An additional two lanes each way will create a local bridge, directly connecting local streets in Anacostia to streets in Capitol Hill without forcing drivers to merge on and off the freeway to cross the river. Transit, including possibly future streetcar, will use one of the two local lanes in each direction. In the meantime, that lane might be reserved for buses, or might simply be shared between buses and cars.
To partially balance the added capacity, DDOT proposes to remove the Southeast Freeway east of the bridges to Barney Circle, where Pennsylvania Ave crosses the river. Instead, the roadway would become a boulevard with two lanes in each direction. DDOT has already closed little-used ramps from the 11th Street bridges to that freeway segment.
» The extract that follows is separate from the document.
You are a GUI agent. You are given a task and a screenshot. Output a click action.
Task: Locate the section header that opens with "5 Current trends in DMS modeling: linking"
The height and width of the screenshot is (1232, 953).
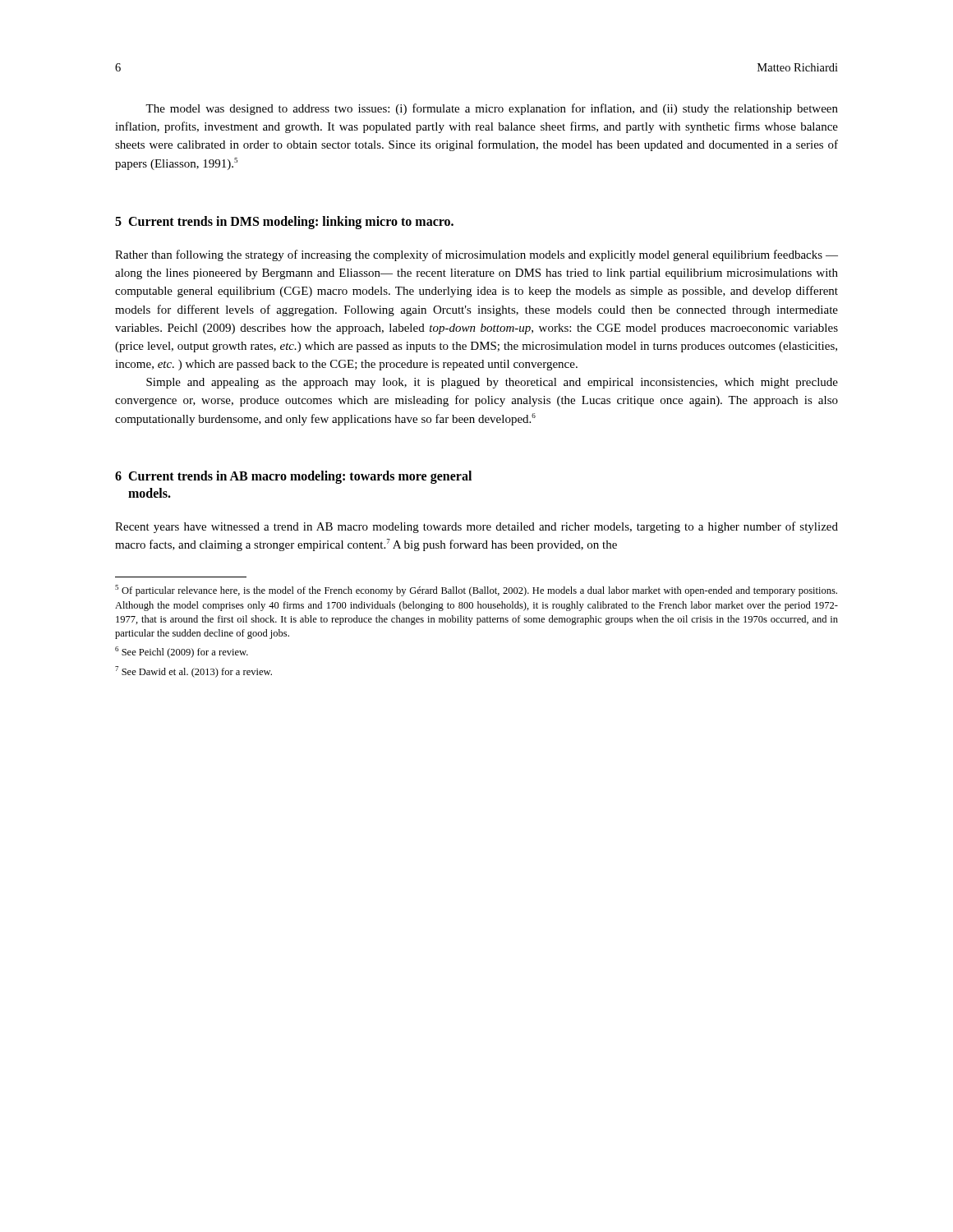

There are some very good elements of this plan. The local bridge is a good idea. It will connect communities on either side of the river, and facilitate transit connections including a future extension of the Anacostia streetcar to Eastern Market and points north. Also, it's good to turn the Barney Circle freeway segment into a boulevard. Traffic backs up there to merge onto Pennsylvania, and perhaps in the future DC will be able to move or bury the CSX tracks, connecting the waterfront to the neighborhood.
On the other hand, this adds significantly more road capacity in an area that currently represents the bottleneck in the system. As any systems engineer can tell you, reducing bottlenecks increases the total system capacity. That will induce more traffic into and through DC. DDOT has never satisfactorily explained the reason to enlarge the ramps and build these bridges as four lanes instead of two or three. Also, connecting 295 to the 11th Street Bridges will draw some traffic off local roads, but it'll also draw some traffic off the Beltway and the Woodrow Wilson Bridge. Increasing traffic through DC and lightening the load on the Beltway is definitely not how DC should spend $500 million of its own money.
Upcoming parts will dig into each of the objections and DDOT's response, and analyze some other ways to mitigate the traffic-inducing effects of this project.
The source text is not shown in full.